Дома шептали забвением. Окна-глазницы: битые стекла, забитые фанерой, или занавески, намертво прилипшие к рамам десятилетиями пыли. Газоны-кладбища: высохшие кусты роз, похожие на скелеты; газонокосилки, проросшие в землю ржавыми корнями; качели, скрипящие под несуществующим ветром. Тени на стенах: резкие, слишком черные для полудня. Одна из них – силуэт женщины у окна второго этажа – не двигалась, когда Лео проезжал мимо. Она просто была. Как выжженный кадр.
Воздух гудел тишиной.

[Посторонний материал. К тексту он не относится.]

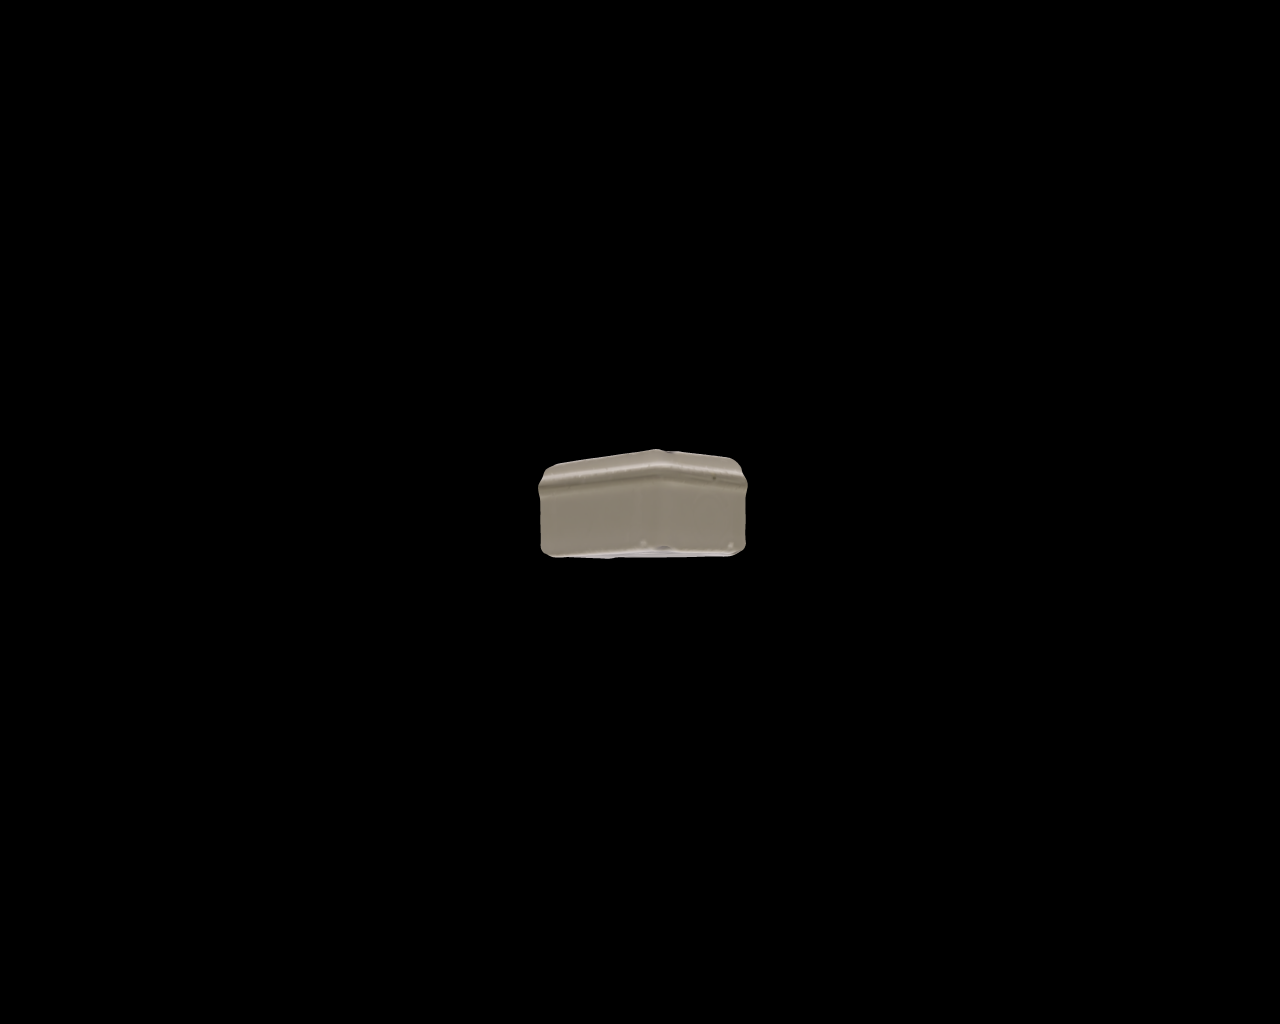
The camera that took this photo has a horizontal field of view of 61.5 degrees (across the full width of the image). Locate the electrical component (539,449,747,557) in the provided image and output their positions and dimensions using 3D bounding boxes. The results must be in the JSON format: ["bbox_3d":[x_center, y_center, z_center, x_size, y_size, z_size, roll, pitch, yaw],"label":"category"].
[{"bbox_3d":[0.001,-0.003,0.650,0.113,0.057,0.078,-4,-6,43],"label":"electrical component"}]
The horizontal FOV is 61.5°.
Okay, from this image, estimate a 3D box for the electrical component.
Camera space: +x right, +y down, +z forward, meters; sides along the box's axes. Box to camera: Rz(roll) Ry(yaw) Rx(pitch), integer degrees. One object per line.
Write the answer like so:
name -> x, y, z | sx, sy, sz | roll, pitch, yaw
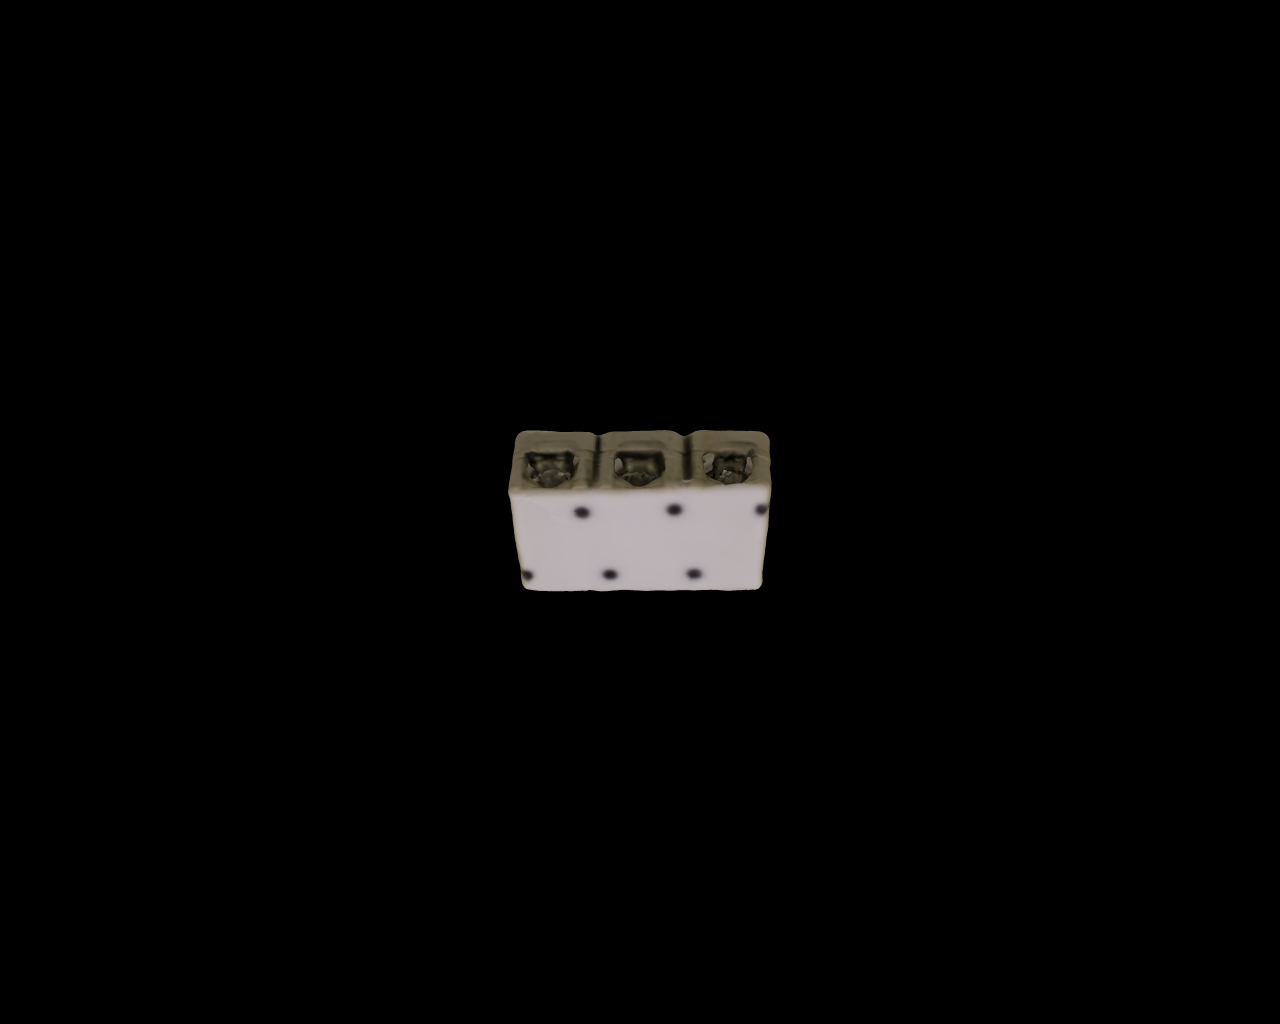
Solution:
electrical component -> 0.001, -0.003, 0.650 | 0.150, 0.089, 0.062 | 0, 44, 0
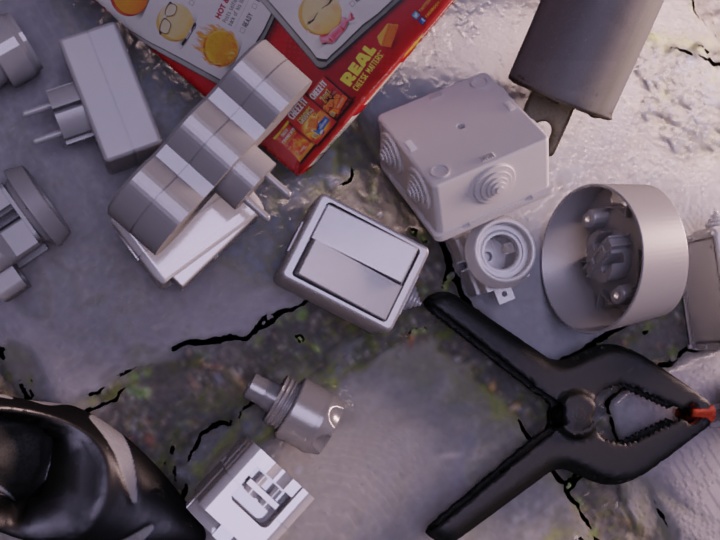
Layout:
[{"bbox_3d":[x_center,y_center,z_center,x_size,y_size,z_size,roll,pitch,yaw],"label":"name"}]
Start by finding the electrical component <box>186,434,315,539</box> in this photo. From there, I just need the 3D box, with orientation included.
[{"bbox_3d":[-0.070,0.141,0.664,0.050,0.089,0.055,44,80,-4],"label":"electrical component"}]

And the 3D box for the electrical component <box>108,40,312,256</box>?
[{"bbox_3d":[-0.075,-0.061,0.632,0.074,0.052,0.138,42,84,-4],"label":"electrical component"}]

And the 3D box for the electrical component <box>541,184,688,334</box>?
[{"bbox_3d":[0.170,-0.009,0.717,0.064,0.099,0.099,-7,86,-17],"label":"electrical component"}]

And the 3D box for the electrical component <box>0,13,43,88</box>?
[{"bbox_3d":[-0.236,-0.132,0.682,0.055,0.045,0.045,-33,91,-11],"label":"electrical component"}]

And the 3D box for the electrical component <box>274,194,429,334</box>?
[{"bbox_3d":[0.000,0.000,0.703,0.096,0.061,0.061,27,81,-6],"label":"electrical component"}]

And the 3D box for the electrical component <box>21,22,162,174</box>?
[{"bbox_3d":[-0.177,-0.103,0.689,0.076,0.047,0.083,-21,89,-11],"label":"electrical component"}]

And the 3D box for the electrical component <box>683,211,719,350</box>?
[{"bbox_3d":[0.263,0.005,0.748,0.061,0.062,0.096,-6,86,-10],"label":"electrical component"}]

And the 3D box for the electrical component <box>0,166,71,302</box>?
[{"bbox_3d":[-0.219,-0.028,0.670,0.057,0.058,0.078,-35,92,-8],"label":"electrical component"}]

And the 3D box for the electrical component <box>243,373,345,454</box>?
[{"bbox_3d":[-0.045,0.089,0.696,0.062,0.043,0.043,29,81,-5],"label":"electrical component"}]

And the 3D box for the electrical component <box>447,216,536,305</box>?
[{"bbox_3d":[0.089,-0.010,0.722,0.048,0.055,0.066,-21,89,-11],"label":"electrical component"}]

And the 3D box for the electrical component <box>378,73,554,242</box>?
[{"bbox_3d":[0.068,-0.077,0.705,0.100,0.048,0.099,-24,48,-11],"label":"electrical component"}]

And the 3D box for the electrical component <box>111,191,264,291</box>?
[{"bbox_3d":[-0.103,-0.034,0.688,0.096,0.062,0.061,-37,92,-11],"label":"electrical component"}]

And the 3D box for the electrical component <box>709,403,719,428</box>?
[{"bbox_3d":[0.281,0.094,0.743,0.079,0.077,0.044,-16,117,26],"label":"electrical component"}]
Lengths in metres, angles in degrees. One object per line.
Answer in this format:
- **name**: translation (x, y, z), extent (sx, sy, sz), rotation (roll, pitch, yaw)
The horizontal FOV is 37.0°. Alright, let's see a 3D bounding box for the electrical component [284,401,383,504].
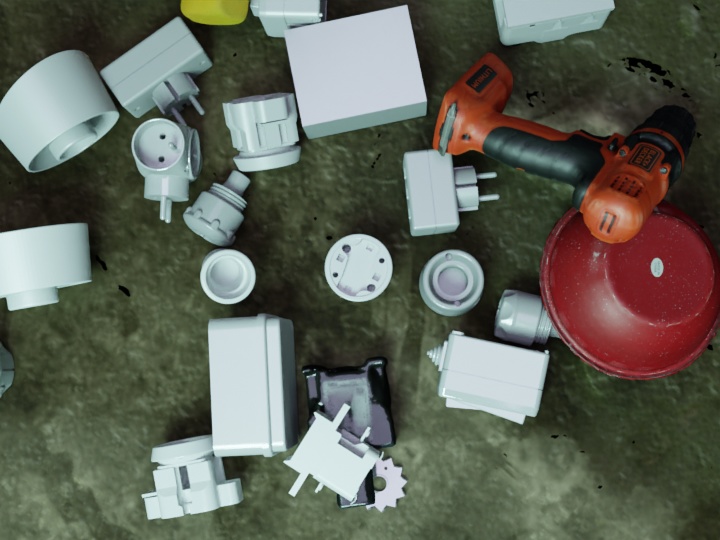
- **electrical component**: translation (-0.020, 0.146, 0.843), extent (0.064, 0.042, 0.081), rotation (32, 87, 4)

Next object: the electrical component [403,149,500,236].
- **electrical component**: translation (0.078, -0.067, 0.902), extent (0.077, 0.047, 0.065), rotation (-6, 85, 1)

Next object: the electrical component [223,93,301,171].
- **electrical component**: translation (-0.081, -0.116, 0.903), extent (0.058, 0.078, 0.057), rotation (-14, 105, -20)

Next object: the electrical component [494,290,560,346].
- **electrical component**: translation (0.145, 0.042, 0.891), extent (0.062, 0.043, 0.043), rotation (14, 86, 3)

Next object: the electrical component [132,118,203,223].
- **electrical component**: translation (-0.161, -0.080, 0.900), extent (0.044, 0.077, 0.079), rotation (2, 85, 3)

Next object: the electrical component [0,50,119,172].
- **electrical component**: translation (-0.253, -0.129, 0.899), extent (0.099, 0.099, 0.064), rotation (-34, 90, 0)

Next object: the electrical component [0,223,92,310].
- **electrical component**: translation (-0.274, 0.000, 0.886), extent (0.108, 0.108, 0.060), rotation (-10, 91, 2)

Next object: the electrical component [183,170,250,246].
- **electrical component**: translation (-0.116, -0.054, 0.913), extent (0.048, 0.048, 0.062), rotation (30, 81, 5)

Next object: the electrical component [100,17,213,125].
- **electrical component**: translation (-0.163, -0.158, 0.921), extent (0.083, 0.047, 0.075), rotation (-35, 84, 0)

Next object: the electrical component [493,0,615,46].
- **electrical component**: translation (0.152, -0.274, 0.908), extent (0.089, 0.061, 0.150), rotation (-10, 85, 2)

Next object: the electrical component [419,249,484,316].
- **electrical component**: translation (0.077, 0.010, 0.895), extent (0.055, 0.047, 0.055), rotation (0, 85, 3)

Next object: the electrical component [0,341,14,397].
- **electrical component**: translation (-0.337, 0.085, 0.908), extent (0.080, 0.051, 0.080), rotation (0, 85, 3)

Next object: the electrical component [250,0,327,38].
- **electrical component**: translation (-0.058, -0.252, 0.917), extent (0.061, 0.061, 0.096), rotation (2, 85, 3)

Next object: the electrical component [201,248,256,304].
- **electrical component**: translation (-0.113, 0.002, 0.896), extent (0.044, 0.065, 0.044), rotation (-1, 97, -12)

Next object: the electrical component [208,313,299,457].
- **electrical component**: translation (-0.086, 0.094, 0.881), extent (0.057, 0.078, 0.113), rotation (-4, 85, 5)

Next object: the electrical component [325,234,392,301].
- **electrical component**: translation (0.000, 0.000, 0.900), extent (0.055, 0.047, 0.055), rotation (0, 85, 3)

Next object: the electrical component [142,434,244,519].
- **electrical component**: translation (-0.141, 0.169, 0.887), extent (0.078, 0.058, 0.057), rotation (-11, 86, 6)

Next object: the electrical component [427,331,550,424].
- **electrical component**: translation (0.100, 0.087, 0.880), extent (0.096, 0.061, 0.061), rotation (12, 86, 4)
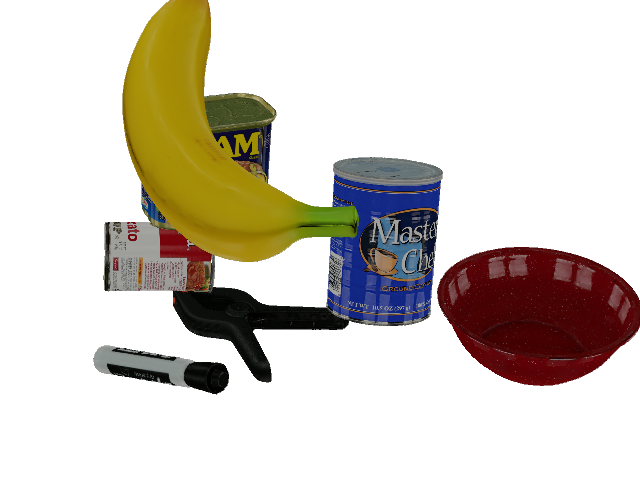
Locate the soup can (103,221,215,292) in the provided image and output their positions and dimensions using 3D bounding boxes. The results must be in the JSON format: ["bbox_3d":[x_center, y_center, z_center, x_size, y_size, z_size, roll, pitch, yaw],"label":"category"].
[{"bbox_3d":[-0.156,0.016,1.024,0.102,0.068,0.068,1,0,-12],"label":"soup can"}]

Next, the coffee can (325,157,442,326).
[{"bbox_3d":[0.060,-0.001,1.016,0.103,0.140,0.103,3,15,-1],"label":"coffee can"}]

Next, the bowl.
[{"bbox_3d":[0.173,0.068,0.863,0.162,0.055,0.162,0,31,0],"label":"bowl"}]

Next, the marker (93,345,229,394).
[{"bbox_3d":[-0.101,0.081,0.674,0.121,0.020,0.020,2,1,44],"label":"marker"}]

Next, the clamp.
[{"bbox_3d":[-0.094,0.097,1.230,0.210,0.036,0.164,14,26,24],"label":"clamp"}]

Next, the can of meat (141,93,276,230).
[{"bbox_3d":[-0.088,-0.061,0.817,0.101,0.084,0.057,-10,32,-25],"label":"can of meat"}]

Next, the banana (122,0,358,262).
[{"bbox_3d":[-0.053,-0.050,0.474,0.069,0.037,0.198,-17,47,-17],"label":"banana"}]
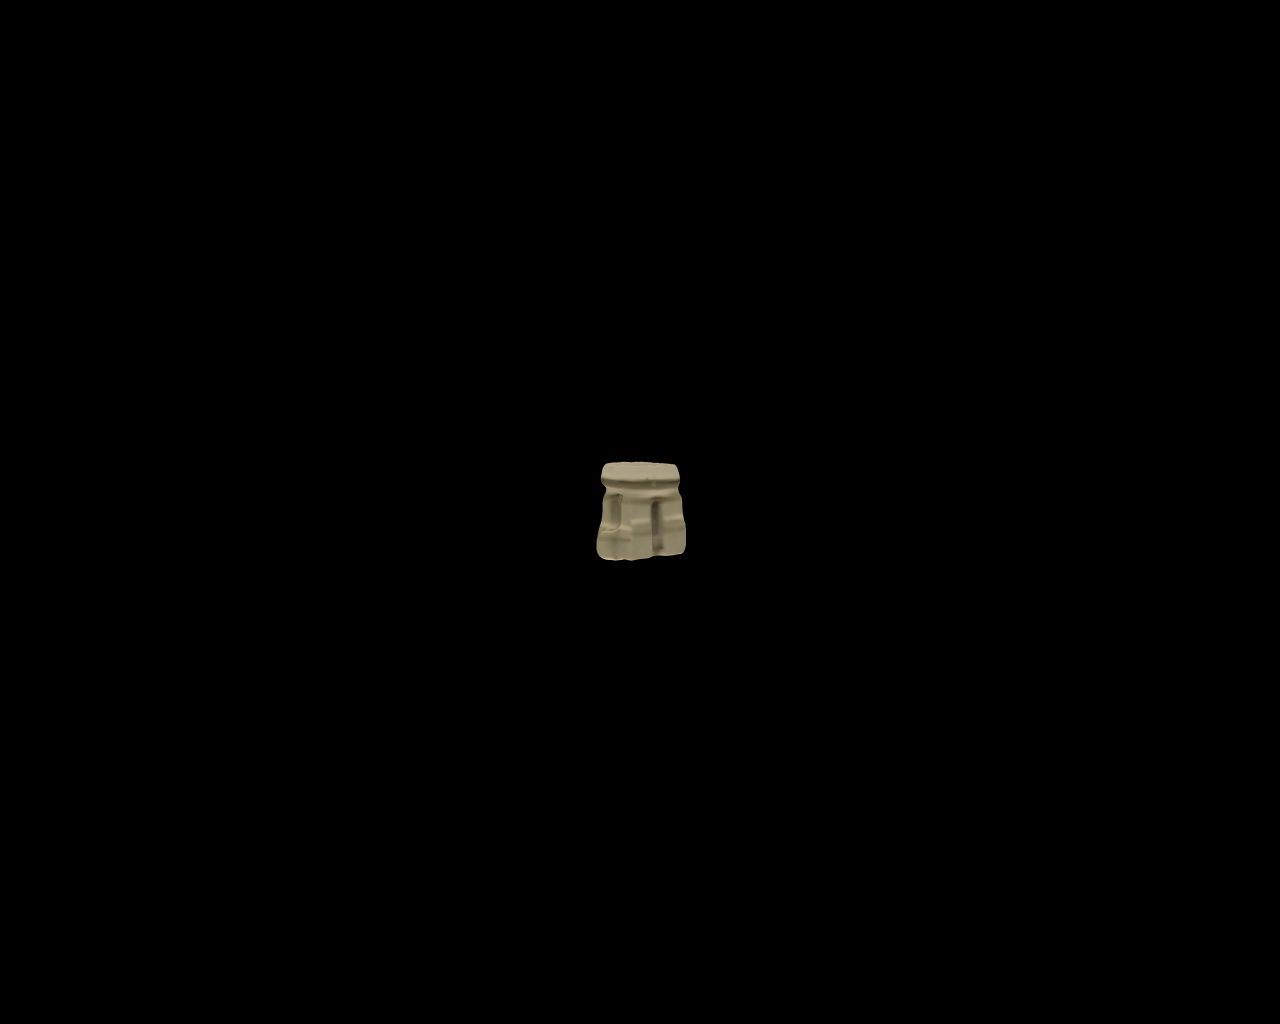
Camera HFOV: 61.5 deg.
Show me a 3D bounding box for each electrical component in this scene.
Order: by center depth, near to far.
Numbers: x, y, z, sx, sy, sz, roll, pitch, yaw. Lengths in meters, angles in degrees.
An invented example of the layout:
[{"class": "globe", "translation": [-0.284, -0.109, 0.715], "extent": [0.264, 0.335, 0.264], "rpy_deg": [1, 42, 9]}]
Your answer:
[{"class": "electrical component", "translation": [0.001, -0.003, 0.650], "extent": [0.066, 0.055, 0.048], "rpy_deg": [-6, 9, -36]}]

Не мирной, а плотной, как вата в ушах. Даже грохот мотора Лео казался приглушенным, будто кто-то опустил звук в кинозале. Единственный резкий звук заставил его вздрогнуть – металлический лязг сороки, уронившей консервную банку на крышу почтового фургона. Птица не улетела. Она уставилась на Лео стеклянным глазом-бусиной, склонив голову.
Лео медленно вел машину по ухабистой дороге, ведущей к мотелю «Кинозвезда». Вывеска, криво висевшая на одной цепи, мигала розовым неоном, выхватывая из темноты колею из битого стекла и щебня. Четыре двери с номерами, выкрашенными прямо на облупившейся штукатурке, казались слепыми глазами. Окна были затянуты желтой пыльной паутиной, за которой шевелились неясные тени. Парковка представляла собой три углубления в грязи, отмеченные проржавевшими бочками из-под масла. Лео припарковал свой «Девил Кадиллак» у самой дальней двери, ведущей в какое-то подсобное помещение мотеля, оставив место для других машин, которых, судя по слою пыли на земле, здесь не было уже давно.
Он вышел из машины, и тишина навалилась, как мокрая простыня. Даже скрип двери «Девил Кадиллака» прозвучал кощунственно громко. Воздух пах полынью и чем-то кислым – как уксус, смешанный с пылью, хруст гравия под ботинками звучал предательски громко. Мотель стоял, пригнувшись к земле, его стены покрывали трещины, похожие на морщины. Лео потянул тяжелую дверь, обитую жестью, и шагнул внутрь.
Дверь холла отворилась со стоном, выплеснув волну воздуха, запах старых кинопленок: желатин, серебряная эмульсия и та сладковатая гниль, что исходит от перегретого проектора и еще, пахло чем-то сладковато-могильным… Внутри царил полумрак, едва разорванный тусклой лампочкой над барной стойкой. Два столика с мраморными столешницами стояли пустые, их пепельницы переполнены окурками марок «Winston» и «Marlboro», которые не выпускали с семидесятых. На стене телевизор «Zenith» с выпуклым экраном молчал, но внутри его корпуса что-то тикало – ровно, методично, как кардиограмма приговоренного, Рядом с ним – часы с кукушкой, стрелки которых застыли на 14:30.